Impacto sobre os consumidores

 

A chamada “taxa das blusinhas” foi implementada no ano de 2024 pelo Governo Federal, dentro do programa Remessa Conforme, visava ampliar a fiscalização sobre a compras internacionais em sites estrangeiros e proteger a indústria nacional da concorrência desigual. A medida ganhou o apelido nas redes sociais após consumidores criticarem a taxação sobre produtos baratos importados, especialmente roupas e acessórios.

 

O governo defendeu que o fim da taxação beneficia principalmente consumidores de baixa renda, ampliando o acesso a produtos mais baratos em um momento de pressão sobre o custo de vida. O secretário-executivo do Ministério da Fazenda, Rogério Ceron, afirmou que a iniciativa representa “um avanço importante” para a população que utiliza essas plataformas para compras do dia a dia.

 

Empresas nacionais criticam o fim da tributação

 

A decisão, no entanto, provocou reação imediata de entidades ligadas à indústria e ao varejo nacional. A Federação das Indústrias do Estado de São Paulo solicitou ao Congresso Nacional a devolução da Medida Provisória, alegando que a mudança cria concorrência desleal contra empresas brasileiras.

 

A Associação Brasileira do Varejo Têxtil criticou a revogação do imposto como um “grave retrocesso econômico” e um “ataque direto à indústria e ao varejo nacional”. De acordo com a entidade, empresas e indústrias brasileiras enfrentam elevada carga tributária, juros altos, custos operacionais elevados e um ambiente regulatório complexo, enquanto plataformas estrangeiras ganham vantagem competitiva sem a mesma carga de impostos.

 

A Associação Brasileira da Indústria Têxtil e de Confecção e a Confederação Nacional da Indústria também manifestaram preocupação com os impactos da medida sobre empregos, arrecadação e produção nacional.

 

"É inadmissível que, enquanto o setor produtivo nacional enfrenta uma das maiores cargas tributárias do mundo, juros elevados, custos operacionais crescentes e um ambiente regulatório extremamente complexo, empresas internacionais continuem recebendo privilégios artificiais para avançar sobre o mercado brasileiro", afirmou a associação.

 

Especialistas afirmam que, apesar de o fim da taxação impulsionar o consumo de produtos importados, pode aumentar a pressão sobre setores industriais brasileiros, especialmente o têxtil.

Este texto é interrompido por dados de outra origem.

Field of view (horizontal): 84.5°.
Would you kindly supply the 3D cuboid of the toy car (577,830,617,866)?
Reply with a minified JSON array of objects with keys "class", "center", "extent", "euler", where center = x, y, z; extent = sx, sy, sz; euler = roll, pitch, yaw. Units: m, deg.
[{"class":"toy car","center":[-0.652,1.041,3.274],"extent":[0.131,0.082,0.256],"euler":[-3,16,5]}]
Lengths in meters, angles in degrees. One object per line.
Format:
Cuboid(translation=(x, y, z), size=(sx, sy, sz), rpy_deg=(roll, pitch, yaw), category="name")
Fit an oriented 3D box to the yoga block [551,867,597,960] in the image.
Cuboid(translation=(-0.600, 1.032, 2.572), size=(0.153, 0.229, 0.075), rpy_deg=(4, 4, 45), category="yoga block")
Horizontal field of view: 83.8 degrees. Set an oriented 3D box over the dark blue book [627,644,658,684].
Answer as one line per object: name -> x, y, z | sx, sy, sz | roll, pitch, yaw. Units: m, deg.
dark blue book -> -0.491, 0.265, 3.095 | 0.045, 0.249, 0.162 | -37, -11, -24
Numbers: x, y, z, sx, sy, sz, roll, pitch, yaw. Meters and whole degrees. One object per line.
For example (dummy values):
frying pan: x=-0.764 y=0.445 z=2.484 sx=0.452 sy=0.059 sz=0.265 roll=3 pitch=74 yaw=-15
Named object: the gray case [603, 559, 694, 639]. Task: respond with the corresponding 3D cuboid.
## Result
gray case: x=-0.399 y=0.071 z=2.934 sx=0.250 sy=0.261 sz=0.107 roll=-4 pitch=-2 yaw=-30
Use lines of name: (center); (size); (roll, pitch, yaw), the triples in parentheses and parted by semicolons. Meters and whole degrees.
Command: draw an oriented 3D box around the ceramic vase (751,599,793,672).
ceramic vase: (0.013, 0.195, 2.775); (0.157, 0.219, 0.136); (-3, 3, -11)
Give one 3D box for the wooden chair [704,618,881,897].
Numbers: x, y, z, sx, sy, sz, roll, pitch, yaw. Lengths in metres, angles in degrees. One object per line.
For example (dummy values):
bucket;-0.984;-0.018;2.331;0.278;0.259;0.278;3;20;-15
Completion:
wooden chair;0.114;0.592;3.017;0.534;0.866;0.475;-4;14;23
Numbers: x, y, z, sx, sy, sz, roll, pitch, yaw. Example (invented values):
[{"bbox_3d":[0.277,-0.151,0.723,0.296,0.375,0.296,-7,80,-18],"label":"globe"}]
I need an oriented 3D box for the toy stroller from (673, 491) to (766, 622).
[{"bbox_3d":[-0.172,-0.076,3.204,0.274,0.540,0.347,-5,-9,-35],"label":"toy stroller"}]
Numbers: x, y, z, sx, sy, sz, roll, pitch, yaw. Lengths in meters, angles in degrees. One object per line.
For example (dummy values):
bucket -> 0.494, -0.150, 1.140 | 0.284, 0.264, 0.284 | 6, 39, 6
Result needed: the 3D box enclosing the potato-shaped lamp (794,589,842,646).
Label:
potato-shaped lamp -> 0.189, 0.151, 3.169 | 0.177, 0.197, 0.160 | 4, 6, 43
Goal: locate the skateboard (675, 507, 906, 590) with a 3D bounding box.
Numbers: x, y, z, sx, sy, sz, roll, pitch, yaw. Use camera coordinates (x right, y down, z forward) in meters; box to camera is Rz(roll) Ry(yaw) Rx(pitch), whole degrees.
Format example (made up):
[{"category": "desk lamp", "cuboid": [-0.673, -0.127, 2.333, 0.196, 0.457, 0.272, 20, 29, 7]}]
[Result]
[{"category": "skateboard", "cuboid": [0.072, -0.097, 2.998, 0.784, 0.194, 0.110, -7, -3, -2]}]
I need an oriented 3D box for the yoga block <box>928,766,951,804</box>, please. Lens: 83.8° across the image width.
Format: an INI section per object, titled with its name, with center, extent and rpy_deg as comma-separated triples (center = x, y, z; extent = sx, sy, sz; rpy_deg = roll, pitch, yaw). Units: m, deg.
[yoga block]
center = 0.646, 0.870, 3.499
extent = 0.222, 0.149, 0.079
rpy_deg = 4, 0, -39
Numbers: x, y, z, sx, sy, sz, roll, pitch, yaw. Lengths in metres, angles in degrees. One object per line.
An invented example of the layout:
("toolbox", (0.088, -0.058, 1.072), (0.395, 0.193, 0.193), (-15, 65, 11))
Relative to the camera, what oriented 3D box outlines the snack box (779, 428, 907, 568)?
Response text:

O economista André Galhardo, da consultoria Análise Econômica, afirma que o imposto criado em 2024 funcionava como uma forma de proteção à indústria nacional, dificultando a entrada de produtos estrangeiros mais baratos.

 

Apesar de já ter entrado em vigor, a Medida Provisória ainda deve ser analisada pelo Congresso Nacional, que poderá aprovar, modificar ou rejeitar o texto. Enquanto consumidores comemoram a redução nos preços das compras internacionais, representantes da indústria alertam para possíveis impactos sobre empregos e competitividade da produção brasileira.